Key takeaways on market dynamics and financial trajectory for carglumic acid

  • Market is diagnosis-led: Revenue tracks confirmed NAGS deficiency identification and ongoing maintenance treatment.
  • Specialty economics dominate: Pricing power is constrained by payer authorization and hospital procurement policies.
  • IP governs the competitive inflection: Generic entry timing and price erosion are driven by the Orange Book patent-exclusivity map and any litigation/settlement outcomes.
  • Quarterly variability is episodic: Acute hospital treatment can cause sales swings.
  • No biosimilar threat: The molecule is small-molecule, so competition is generic/equivalent only.

FAQs

1) What are the main reimbursement hurdles for carglumic acid (Carbaglu) in the US?
Typically prior authorization tied to confirmed NAGS deficiency and hyperammonemia criteria, plus utilization review by payers due to high per-patient costs.

2) How do prior authorization policies change carglumic acid net sales?
By changing the rate at which eligible diagnosed patients are approved and how quickly approvals occur, which directly affects treated volume and dispensing timing.

3) Does generic competition for carglumic acid depend more on patent expiry or exclusivity?
Both.
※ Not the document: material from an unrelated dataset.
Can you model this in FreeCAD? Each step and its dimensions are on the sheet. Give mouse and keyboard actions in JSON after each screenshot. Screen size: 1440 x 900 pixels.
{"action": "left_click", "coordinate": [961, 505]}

Generic readiness is primarily determined by Orange Book-listed patent expirations and any applicable exclusivity periods that delay approval or launch.

4) Can hospitals switch patients from Carbaglu to an equivalent quickly after generic entry?
Switching depends on formulary decisions, payer coverage policies, prescriber comfort, and whether the equivalent matches the branded dosing/formulation workflow.
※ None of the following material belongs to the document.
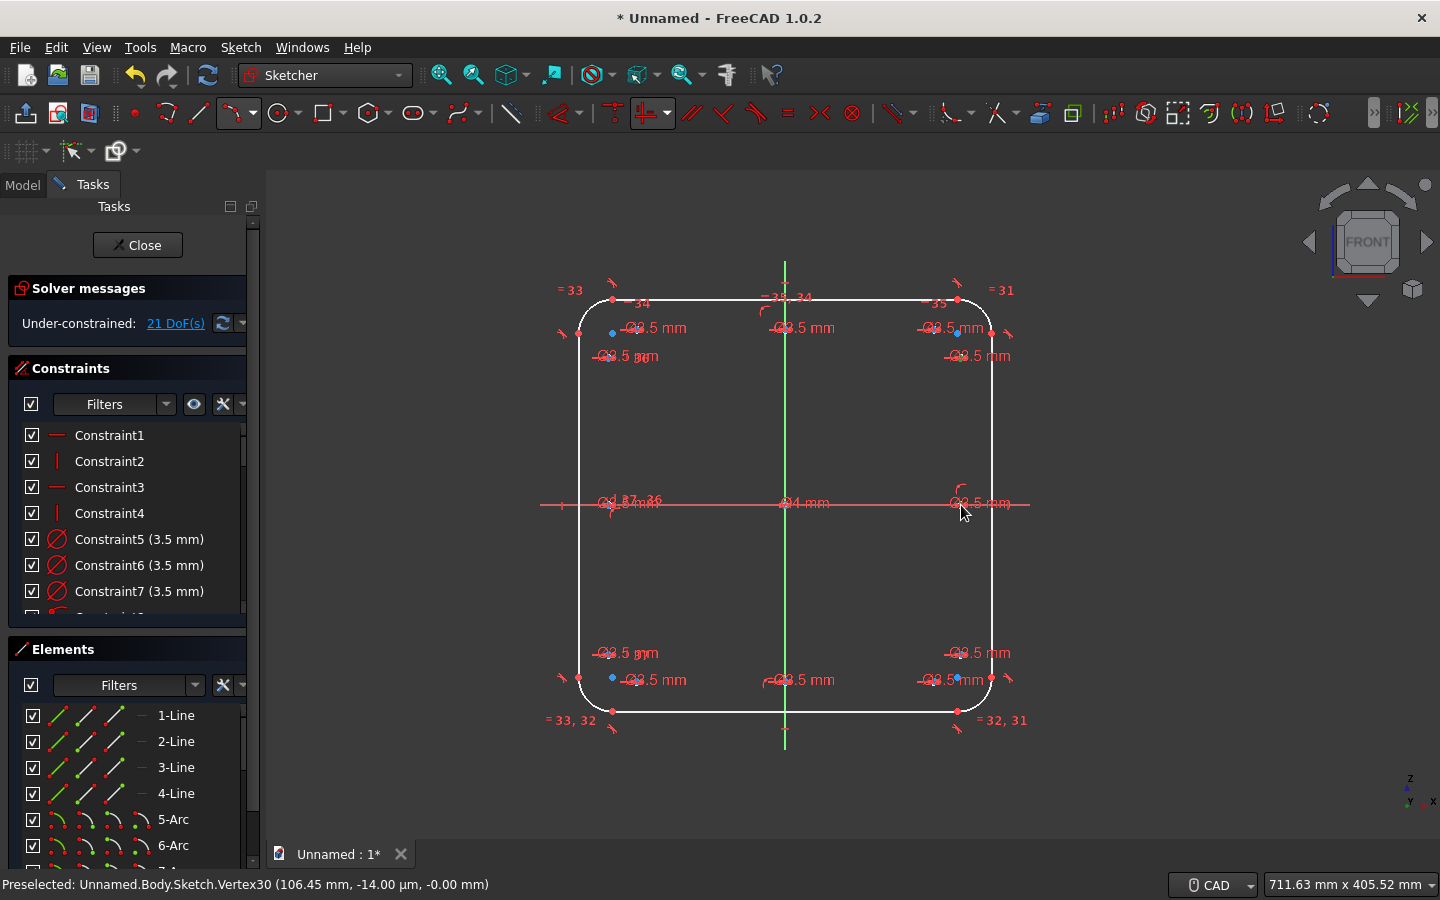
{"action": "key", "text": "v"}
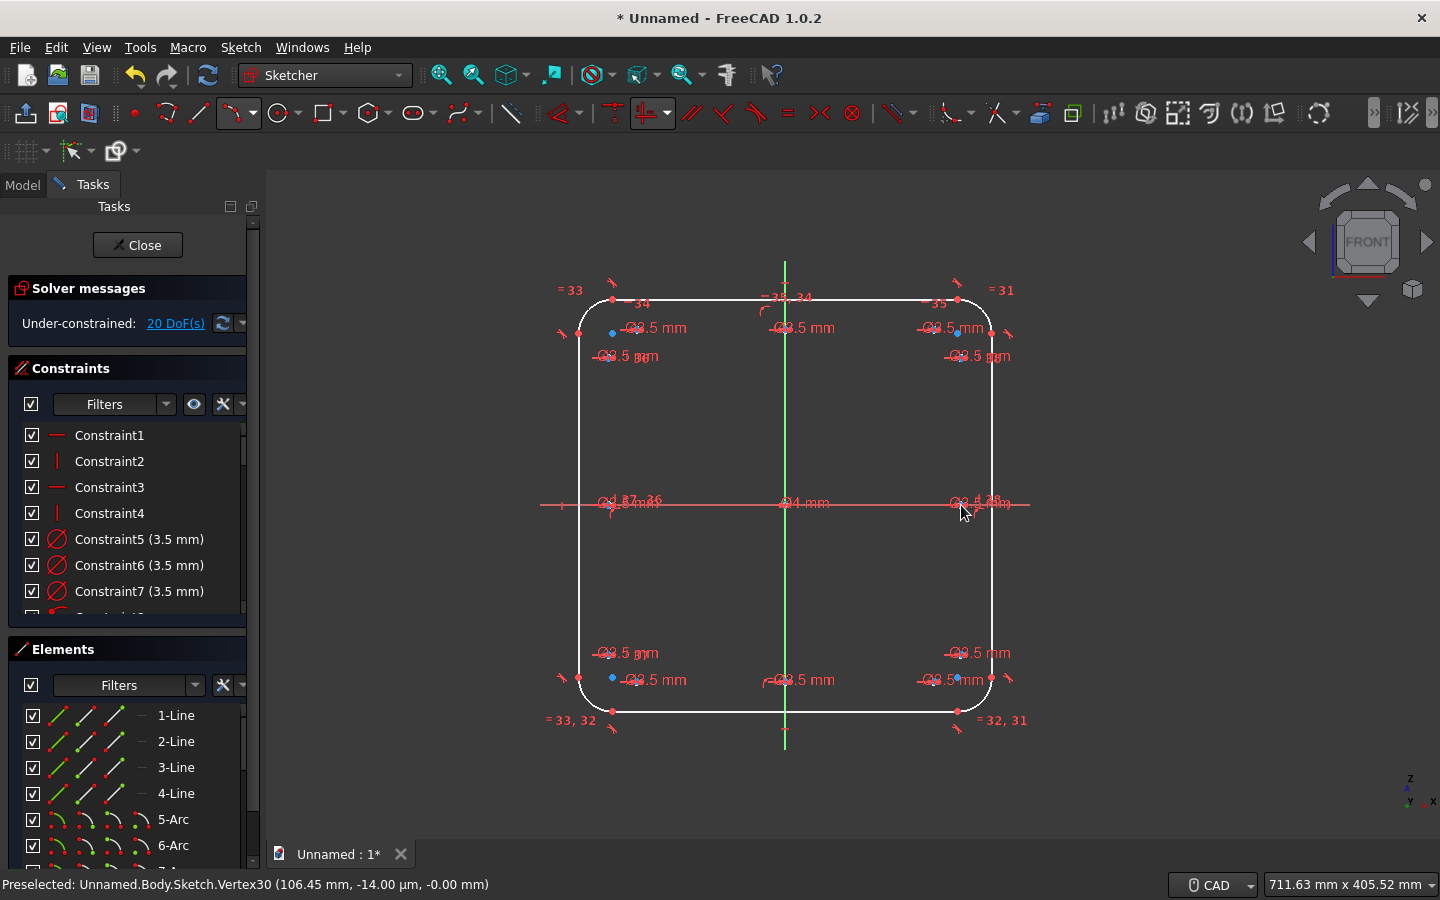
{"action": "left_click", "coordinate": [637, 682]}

5) Is the demand for carglumic acid primarily acute or chronic?
It is both, with episodic acute hyperammonemia treatment and chronic maintenance for diagnosed patients, which stabilizes baseline demand but still yields episode-driven sales variability.


References (APA)

  1. US Food and Drug Administration. Orange Book: Approved Drug Products with Therapeutic Equivalence Evaluations. FDA.
  2. US Food and Drug Administration. Drugs@FDA: FDA Approved Drug Products. FDA.
  3. European Medicines Agency. Public assessment reports and EPAR product information for carglumic acid. EMA.